Priblem 3 (30 points): Now we will implement 5-fold cross-validation to find the best value of $k$. And then using that value of $k$, re-run k-NN on the test data set. (This is adapted from a past Stanford cs231n assignment)

In [None]:
num_folds = 5
k_choices = [1, 3, 5, 7, 9, 11, 13, 15, 20, 30, 40, 50, 75, 100]

X_train_folds = []
y_train_folds = []
################################################################################
# TODO:                                                                        #
# Split up the training data into folds. After splitting, X_train_folds and    #
# y_train_folds should each be lists of length num_folds, where                #
# y_train_folds[i] is the label vector for the points in X_train_folds[i].     #
# Hint: Look up the numpy array_split function.                                #
################################################################################
pass
################################################################################
#                                 END OF YOUR CODE                             #
################################################################################

# A dictionary holding the accuracies for different values of k that we find
# when running cross-validation. After running cross-validation,
# k_to_accuracies[k] should be a list of length num_folds giving the different
# accuracy values that we found when using that value of k.
k_to_accuracies = {}


################################################################################
# TODO:                                                                        #
# Perform k-fold cross validation to find the best value of k. For each        #
# possible value of k, run the k-nearest-neighbor algorithm num_folds times,   #
# where in each case you use all but one of the folds as training data and the #
# last fold as a validation set. Store the accuracies for all fold and all     #
# values of k in the k_to_accuracies dictionary.                               #
################################################################################
pass
################################################################################
#                                 END OF YOUR CODE                             #
################################################################################

# Print out the computed accuracies
for k in sorted(k_to_accuracies):
    for accuracy in k_to_accuracies[k]:
        print('k = %d, accuracy = %f' % (k, accuracy))

In [None]:
%matplotlib inline
# plot the raw observations
for k in k_choices:
    accuracies = k_to_accuracies[k]
    plt.scatter([k] * len(accuracies), accuracies)

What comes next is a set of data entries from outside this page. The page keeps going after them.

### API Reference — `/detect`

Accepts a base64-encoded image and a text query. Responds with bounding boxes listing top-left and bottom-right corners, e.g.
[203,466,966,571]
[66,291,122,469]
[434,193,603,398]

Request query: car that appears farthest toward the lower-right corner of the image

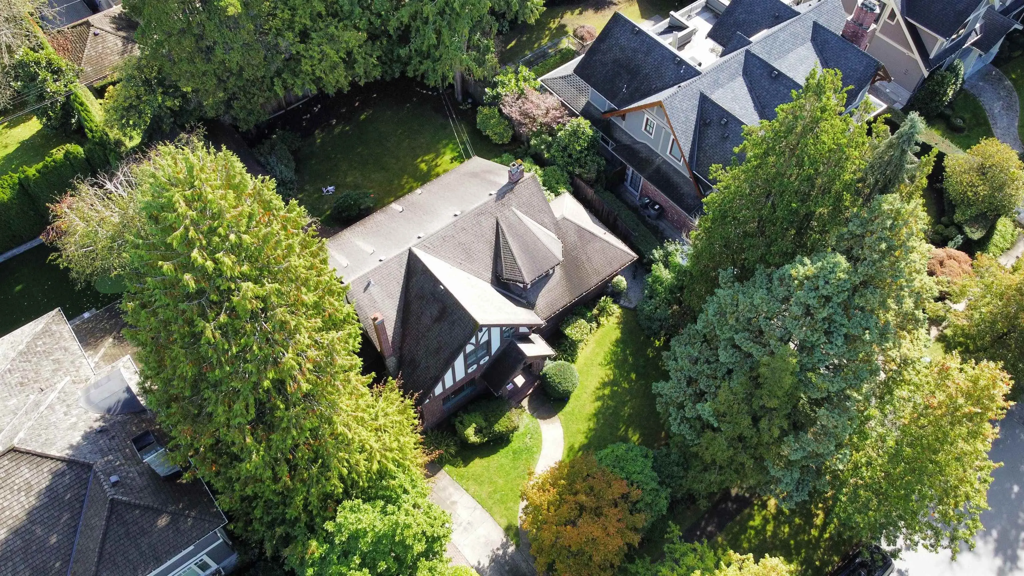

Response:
[830,539,899,576]
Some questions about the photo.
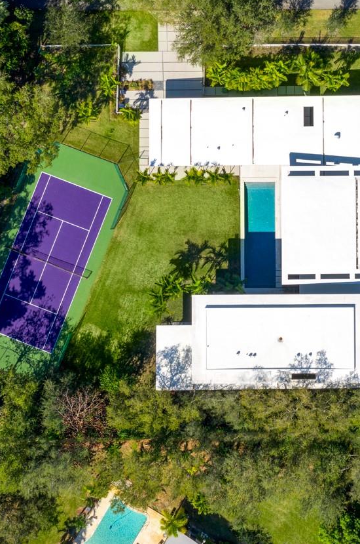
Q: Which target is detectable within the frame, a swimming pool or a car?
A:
swimming pool
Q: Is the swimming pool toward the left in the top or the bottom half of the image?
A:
bottom
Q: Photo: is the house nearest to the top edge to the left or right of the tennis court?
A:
right
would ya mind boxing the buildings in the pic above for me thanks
[149,97,360,390]
[165,529,214,544]

# plot the trend line with error bars that correspond to standard deviation
accuracies_mean = np.array([np.mean(v) for k,v in sorted(k_to_accuracies.items())])
accuracies_std = np.array([np.std(v) for k,v in sorted(k_to_accuracies.items())])
plt.errorbar(k_choices, accuracies_mean, yerr=accuracies_std)
plt.title('Cross-validation on k')
plt.xlabel('k')
plt.ylabel('Cross-validation accuracy')
plt.show()

Problem 4 (20 points): Based on the cross-validation results above, choose the best value for $k$. Repeat problem 2 with this $k$ (using the entire training data set).

In [None]:
#problem 4 solution


Note: these extra credit problems are optional and only increase your score marginally. 

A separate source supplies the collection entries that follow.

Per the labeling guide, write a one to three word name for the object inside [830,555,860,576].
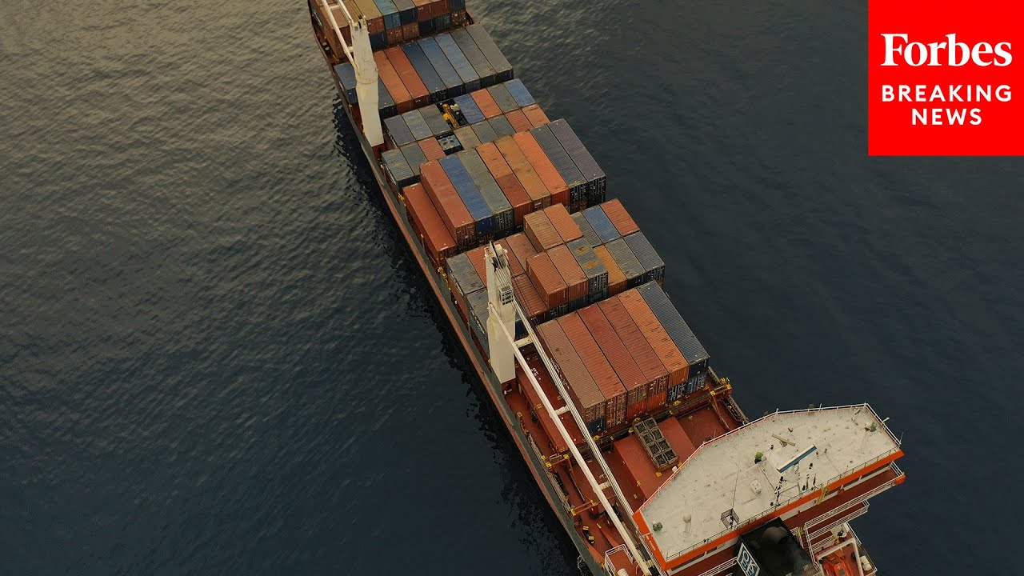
boat
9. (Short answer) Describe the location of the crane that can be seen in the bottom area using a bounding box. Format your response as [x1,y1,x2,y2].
[483,243,657,576]
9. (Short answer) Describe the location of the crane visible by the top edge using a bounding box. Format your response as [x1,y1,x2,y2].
[319,0,389,150]
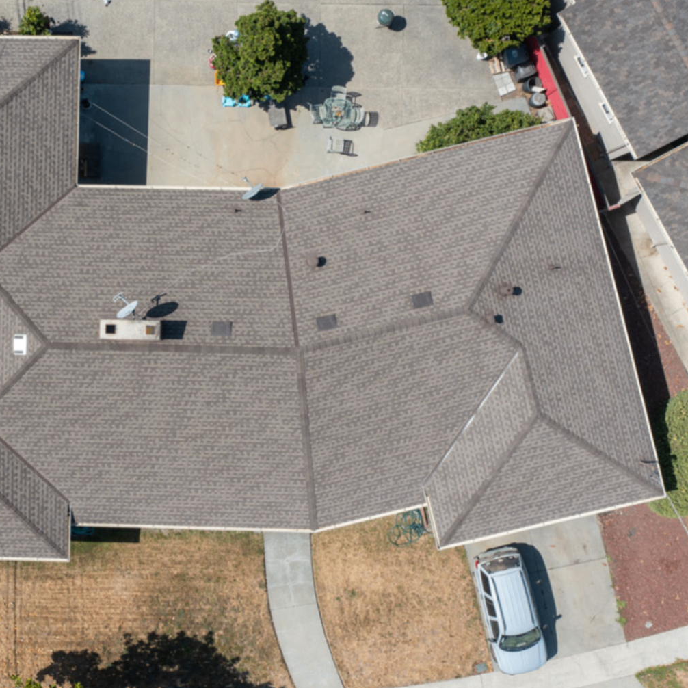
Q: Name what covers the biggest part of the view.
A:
buildings
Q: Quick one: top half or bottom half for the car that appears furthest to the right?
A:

Extra Credit Problem 1 (5 points): Plot decision boundaries for the best $k$, similar to how it is done here:
http://scikit-learn.org/stable/auto_examples/neighbors/plot_classification.html

Extra Credit Problem 2 (5 points): In problem 1 above, re-write the compute_dist_mat() function with no loops. That may seem non-intuitive, but it is possible to compute the L2 distances using matrix operations (matrix multiplication, addition, etc.) without explicitly doing the double for loop. The advantage of using matrix operations is that they are highly optimized and enable "vectorization", and for such computations can give 10-100x speed improvements.